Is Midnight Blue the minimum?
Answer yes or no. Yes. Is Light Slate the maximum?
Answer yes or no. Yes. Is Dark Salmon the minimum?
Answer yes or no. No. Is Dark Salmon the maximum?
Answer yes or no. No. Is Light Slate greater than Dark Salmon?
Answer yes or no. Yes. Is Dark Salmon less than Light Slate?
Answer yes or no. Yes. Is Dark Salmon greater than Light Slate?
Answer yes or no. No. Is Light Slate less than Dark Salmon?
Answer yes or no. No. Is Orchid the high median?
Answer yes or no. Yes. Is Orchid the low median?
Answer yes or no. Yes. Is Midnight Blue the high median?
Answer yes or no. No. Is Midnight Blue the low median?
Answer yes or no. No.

---

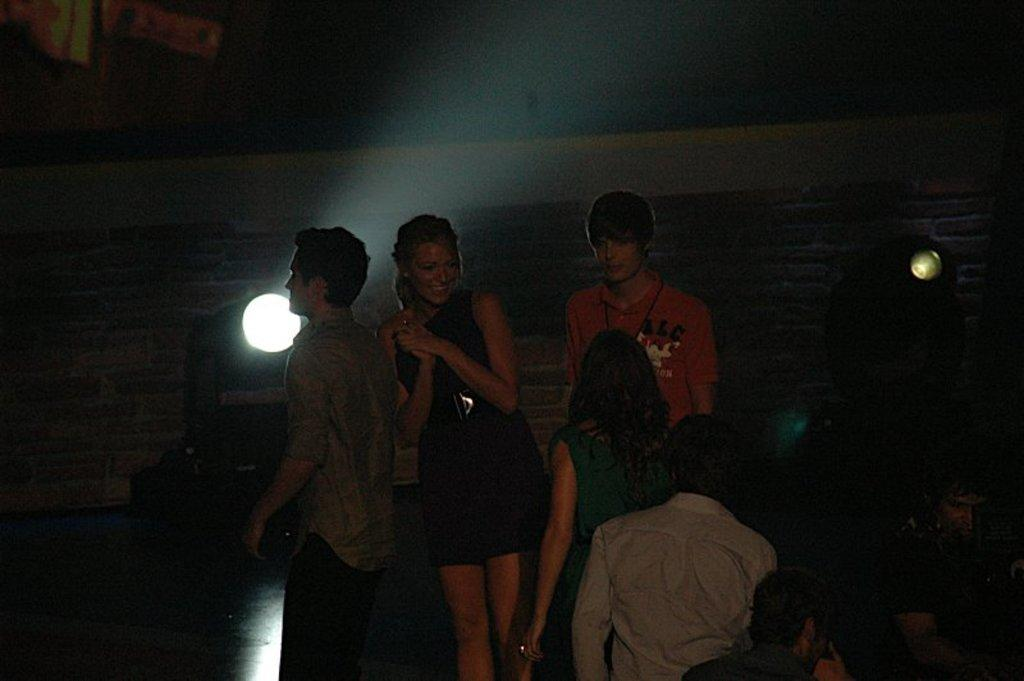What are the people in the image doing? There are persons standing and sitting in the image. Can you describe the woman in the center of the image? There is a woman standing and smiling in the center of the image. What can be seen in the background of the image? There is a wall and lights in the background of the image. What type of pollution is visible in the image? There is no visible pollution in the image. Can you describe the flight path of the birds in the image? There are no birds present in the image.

Exercise goal
Scan the records above for the lines holding "Answer yes or no. Yes. Is Dark Salmon greater" and "Answer yes or no. No. Is Midnight". Transcribe those two and every line between them word for word, and no others.

Final answer
Answer yes or no. Yes. Is Dark Salmon greater than Light Slate?
Answer yes or no. No. Is Light Slate less than Dark Salmon?
Answer yes or no. No. Is Orchid the high median?
Answer yes or no. Yes. Is Orchid the low median?
Answer yes or no. Yes. Is Midnight Blue the high median?
Answer yes or no. No. Is Midnight Blue the low median?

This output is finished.